The repository contains the following core components:

Rtargets_prep_tool/
├── Rtargets_prep_tool.xlsx      # Excel spreadsheet for defining targets, inputs, and utilities
├── _targets.R                   # Main pipeline file (insert code snippets here)
├── config.R                     # Centralised configuration (e.g., file paths, global settings)
├── run.R                        # Script for running, debugging, and inspecting the pipeline
├── R/                           # Folder where utility functions are generated
├── load_packages.R              # Script for loading required R packages

How to use

  1. Download or clone this repository by clicking the green <> Code button at the top right of this Github repository file listing. You will need to create your R working folder and rename the folder and .Rproj file as needed.

  2. Launch Rtergats_prep_tool.xlsx and enter each pipeline step in the yellow-highlighted rows. Use the verb_noun naming convention (e.g., load_ap_monitors) and specify any required input files or upstream targets.

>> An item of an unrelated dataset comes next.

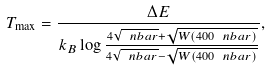<formula> <loc_0><loc_0><loc_500><loc_500>T _ { \max } = \frac { \Delta E } { k _ { B } \log \frac { 4 \sqrt { \ n b a r } + \sqrt { W ( 4 0 0 \ n b a r ) } } { 4 \sqrt { \ n b a r } - \sqrt { W ( 4 0 0 \ n b a r ) } } } ,</formula> 
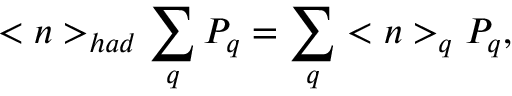<formula> <loc_0><loc_0><loc_500><loc_500>< n > _ { h a d } \sum _ { q } P _ { q } = \sum _ { q } < n > _ { q } P _ { q } ,</formula>

Column D: Generates target code snippets for _targets.R

Column E: Creates utility functions in the R/ folder 
  1. Paste the content from Column D into _targets.R, inside the list(...) block. Then copy and run the code from Column E in the R console to generate .R files inside the R/ folder. Each .R file corresponds to one pipeline step and will contain a scaffolded function ready for you to fill in.

  2. To implement the logic inside each function, open each generated .R file in the R/ folder and fill in your data processing or analysis logic. Remember to use proper return() statements to return objects, passing through the pipe.

NOTE: if you are woking with spatial objects (like terra and sf), wrap the object with return(wrap(spatial_object)) and unwrap in the downstream function: spatial_object <- unwrap(name_of_previous_target).

  1. Run and inspect the pipeline by using run.R as your main control script. It typically includes source(run.R). Inside run.R, you can run the pipeline with tar_make(), load targets with tar_load("target_name"), and visualise dependencies with tar_visnetwork().

Remember to update config.R with file paths or constants. You can also use load_packages.R to load required libraries in interactive sessions.

  1. Revisit the Excel file to add or modify targets and use Git to track and version updates made to _targets.R, R/, and config.R.

Example application: GIS analysis of air pollution monitor coverage

An example of this tool is demonstrated in the project DatSci_ap_monitors_and_postcodes, which use buffer analysis around monitoring stations and spatial joins with postcode boundaries.

Training sessions applying the Rtarget_prep_tool for this analysis are documented in the transcript.